# Your task:
Copy exactly every line below, from the first through the one that contains "(4) Access query", and skip all pictures.

"""

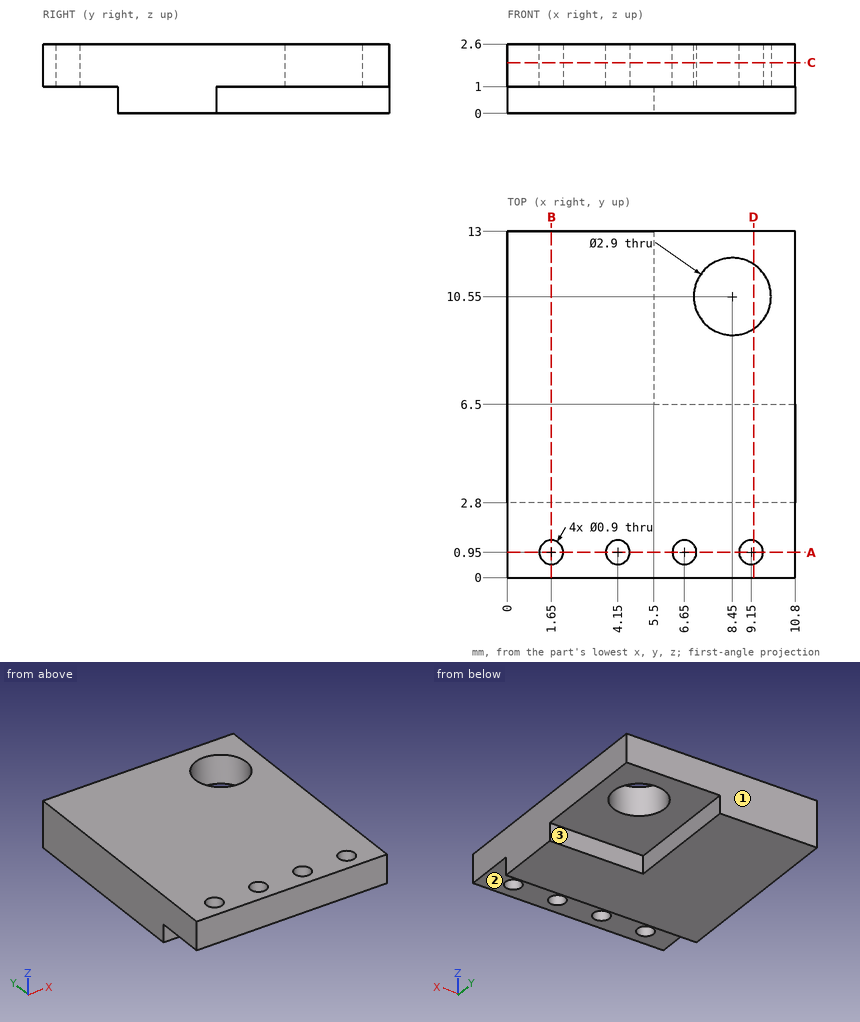
Input: dimensioned drawing with shaded views. Units: mm. Origin: part minimum x, y, z. A direction names the side the tool comes from. Coordinates: 2 decimals unless noted, no trailing zeros. Order: outer loops, then holes, each group sorted by start corner. A loop starts at its lowest first (then second) coordinate and runs counter-clockwise, first axis right, second up.
(1) Section query D-D (x = 9.25). Return the cut outline in (y, z).
(2) First-contact query: pin 1 (0.5 mm diameter, centred on x = 7.5, z = 0.5, fed in from +Y); pin 2 (1.7 mm diameter, centred on x = 8.45, y = 10.55, fed in from -Z); pin 3 (0.8 mm diameter, centred on x = 3.5, y = 1.5, fed in from -Z). Flat tips, straight axial feed; report the tip coordinate or a pass-through.
(3) Section query B-B (x = 1.65). Return the cut outline in (y, z), plus the area to 3 significant figures.
(4) Access query for the marked faces 1, 2 and 3. Directions: +Z, -Z, +X, -X, +Y, -Y. A direction counts if a zero-diameter tool reaches every point of the face in a straight line with its end or side. Return the directions, or none.
(5) Section query C-C (z = 1.9). Return the cut outline in (x, y), plus the area to 3 significant figures.
(6) Material intervals for probe 1 along Y at (x, z) = (4.15, 2.05); probe 2 along Y at (x, z) = (9.5, 2.1); probe 3 along Y at (x, z) = (9.25, 1.9), sorted ascending.
(7) Section query A-A (y = 0.95). Return the cut outline in (x, z), plus the area to 3 significant figures.
Solution:
1. outline: (0, 1) - (0.51, 1) - (0.51, 2.6) - (0, 2.6) - close; (1.39, 1) - (2.8, 1) - (2.8, 0) - (6.5, 0) - (6.5, 1) - (9.34, 1) - (9.34, 2.6) - (1.39, 2.6) - close; (11.76, 1) - (13, 1) - (13, 2.6) - (11.76, 2.6) - close
2. pin 1: stops at y = 6.5
2. pin 2: passes through
2. pin 3: stops at z = 1
3. outline: (0, 1) - (0.5, 1) - (0.5, 2.6) - (0, 2.6) - close; (1.4, 1) - (2.8, 1) - (2.8, 0) - (13, 0) - (13, 2.6) - (1.4, 2.6) - close
3. area: 29.6 mm2
4. face 1: +Z, -Z, +X, -X, +Y
4. face 2: -Z, +X, -X, -Y
4. face 3: -Z, +X, +Y
5. outline: (0, 0) - (10.8, 0) - (10.8, 13) - (0, 13) - close; hole circle Ø0.9 at (1.65, 0.95); hole circle Ø0.9 at (4.15, 0.95); hole circle Ø0.9 at (6.65, 0.95); hole circle Ø2.9 at (8.45, 10.55); hole circle Ø0.9 at (9.15, 0.95)
5. area: 131 mm2
6. probe 1: y = 0 to 0.5, 1.4 to 13
6. probe 2: y = 0 to 0.67, 1.23 to 9.55, 11.55 to 13
6. probe 3: y = 0 to 0.51, 1.39 to 9.34, 11.76 to 13
7. outline: (0, 1) - (1.2, 1) - (1.2, 2.6) - (0, 2.6) - close; (2.1, 1) - (3.7, 1) - (3.7, 2.6) - (2.1, 2.6) - close; (4.6, 1) - (6.2, 1) - (6.2, 2.6) - (4.6, 2.6) - close; (7.1, 1) - (8.7, 1) - (8.7, 2.6) - (7.1, 2.6) - close; (9.6, 1) - (10.8, 1) - (10.8, 2.6) - (9.6, 2.6) - close
7. area: 11.5 mm2
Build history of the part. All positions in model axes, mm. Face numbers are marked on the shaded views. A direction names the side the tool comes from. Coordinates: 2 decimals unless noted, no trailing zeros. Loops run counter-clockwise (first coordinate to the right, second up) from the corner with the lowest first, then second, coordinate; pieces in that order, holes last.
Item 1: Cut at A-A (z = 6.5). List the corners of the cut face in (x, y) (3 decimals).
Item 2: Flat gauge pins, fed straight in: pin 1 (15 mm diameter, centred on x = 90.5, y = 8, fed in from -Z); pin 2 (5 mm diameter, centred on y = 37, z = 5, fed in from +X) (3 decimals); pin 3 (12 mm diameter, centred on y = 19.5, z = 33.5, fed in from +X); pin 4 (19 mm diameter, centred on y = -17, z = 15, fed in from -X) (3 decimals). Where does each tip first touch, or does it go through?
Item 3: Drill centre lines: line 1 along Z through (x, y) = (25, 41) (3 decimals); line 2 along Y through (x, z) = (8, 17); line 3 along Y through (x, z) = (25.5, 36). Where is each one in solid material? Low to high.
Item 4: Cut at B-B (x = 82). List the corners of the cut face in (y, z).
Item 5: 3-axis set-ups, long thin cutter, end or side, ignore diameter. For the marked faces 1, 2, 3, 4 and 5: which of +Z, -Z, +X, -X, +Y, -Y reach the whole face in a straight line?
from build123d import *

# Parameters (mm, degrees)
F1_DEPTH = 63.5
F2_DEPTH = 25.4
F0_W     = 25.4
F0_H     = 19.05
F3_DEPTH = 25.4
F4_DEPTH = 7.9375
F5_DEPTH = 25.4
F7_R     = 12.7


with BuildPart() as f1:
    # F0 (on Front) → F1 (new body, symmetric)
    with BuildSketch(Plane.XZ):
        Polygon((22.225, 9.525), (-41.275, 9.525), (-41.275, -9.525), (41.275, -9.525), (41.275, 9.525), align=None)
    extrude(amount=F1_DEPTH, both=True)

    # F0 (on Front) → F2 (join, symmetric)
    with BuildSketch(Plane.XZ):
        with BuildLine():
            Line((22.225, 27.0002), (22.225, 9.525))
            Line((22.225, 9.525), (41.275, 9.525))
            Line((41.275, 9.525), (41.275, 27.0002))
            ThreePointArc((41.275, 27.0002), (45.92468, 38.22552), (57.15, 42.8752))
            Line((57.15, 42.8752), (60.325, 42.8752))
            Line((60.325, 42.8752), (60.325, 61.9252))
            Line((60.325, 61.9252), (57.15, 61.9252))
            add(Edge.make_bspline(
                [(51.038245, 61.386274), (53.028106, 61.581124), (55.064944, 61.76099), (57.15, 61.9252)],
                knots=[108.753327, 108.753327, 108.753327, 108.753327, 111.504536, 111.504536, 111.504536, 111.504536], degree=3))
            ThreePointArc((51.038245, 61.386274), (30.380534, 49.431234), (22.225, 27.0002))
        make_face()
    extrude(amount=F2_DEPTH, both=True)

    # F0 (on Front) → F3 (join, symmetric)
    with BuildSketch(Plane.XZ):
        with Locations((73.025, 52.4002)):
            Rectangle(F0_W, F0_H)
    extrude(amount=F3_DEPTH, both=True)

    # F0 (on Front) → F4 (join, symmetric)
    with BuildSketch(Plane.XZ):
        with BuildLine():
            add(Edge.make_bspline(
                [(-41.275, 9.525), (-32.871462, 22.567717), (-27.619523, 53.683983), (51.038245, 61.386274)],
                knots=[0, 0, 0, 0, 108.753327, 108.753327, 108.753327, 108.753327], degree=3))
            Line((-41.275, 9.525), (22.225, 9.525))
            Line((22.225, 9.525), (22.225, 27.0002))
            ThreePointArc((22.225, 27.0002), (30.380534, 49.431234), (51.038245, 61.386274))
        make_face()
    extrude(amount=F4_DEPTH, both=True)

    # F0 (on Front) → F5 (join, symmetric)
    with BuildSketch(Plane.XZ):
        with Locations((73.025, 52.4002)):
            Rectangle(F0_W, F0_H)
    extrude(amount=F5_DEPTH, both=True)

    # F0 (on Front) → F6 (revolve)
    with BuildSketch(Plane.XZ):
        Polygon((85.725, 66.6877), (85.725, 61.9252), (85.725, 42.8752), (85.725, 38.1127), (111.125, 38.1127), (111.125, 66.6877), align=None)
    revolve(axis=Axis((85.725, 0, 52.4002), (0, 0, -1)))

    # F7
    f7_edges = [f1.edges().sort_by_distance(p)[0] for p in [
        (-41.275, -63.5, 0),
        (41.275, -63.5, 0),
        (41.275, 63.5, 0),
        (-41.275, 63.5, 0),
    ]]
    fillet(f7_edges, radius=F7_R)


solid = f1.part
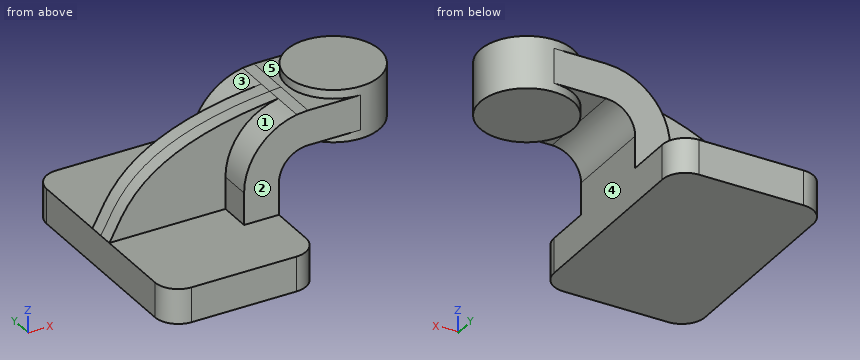
Filled sheet:
1. outline: (-41.275, -50.8) arc R12.7 ccw to (-28.575, -63.5) - (28.575, -63.5) arc R12.7 ccw to (41.275, -50.8) - (41.275, 50.8) arc R12.7 ccw to (28.575, 63.5) - (-28.575, 63.5) arc R12.7 ccw to (-41.275, 50.8) - close
2. pin 1: stops at z = 38.11
2. pin 2: stops at x = 41.275
2. pin 3: stops at x = 105.72
2. pin 4: stops at x = -41.275
3. line 1: z = -9.525 to 9.525
3. line 2: y = -7.94 to 7.94
3. line 3: y = -25.4 to 25.4
4. outline: (-25.4, 42.88) - (-25.13, 42.88) - (-25.13, 38.11) - (25.13, 38.11) - (25.13, 42.88) - (25.4, 42.88) - (25.4, 61.93) - (25.13, 61.93) - (25.13, 66.69) - (-25.13, 66.69) - (-25.13, 61.93) - (-25.4, 61.93) - close
5. face 1: +Z, -X, -Y
5. face 2: +Z, +X, -X, -Y
5. face 3: +Z, -X, +Y
5. face 4: -Z, +X, +Y, -Y
5. face 5: +Z, -X

"""

# Result:
Input: dimensioned drawing with shaded views. Units: mm. Origin: part minimum x, y, z. A direction names the side the tool comes from. Coordinates: 2 decimals unless noted, no trailing zeros. Order: outer loops, then holes, each group sorted by start corner. A loop starts at its lowest first (then second) coordinate and runs counter-clockwise, first axis right, second up.
(1) Section query D-D (x = 9.25). Return the cut outline in (y, z).
(2) First-contact query: pin 1 (0.5 mm diameter, centred on x = 7.5, z = 0.5, fed in from +Y); pin 2 (1.7 mm diameter, centred on x = 8.45, y = 10.55, fed in from -Z); pin 3 (0.8 mm diameter, centred on x = 3.5, y = 1.5, fed in from -Z). Flat tips, straight axial feed; report the tip coordinate or a pass-through.
(3) Section query B-B (x = 1.65). Return the cut outline in (y, z), plus the area to 3 significant figures.
(4) Access query for the marked faces 1, 2 and 3. Directions: +Z, -Z, +X, -X, +Y, -Y. A direction counts if a zero-diameter tool reaches every point of the face in a straight line with its end or side. Return the directions, or none.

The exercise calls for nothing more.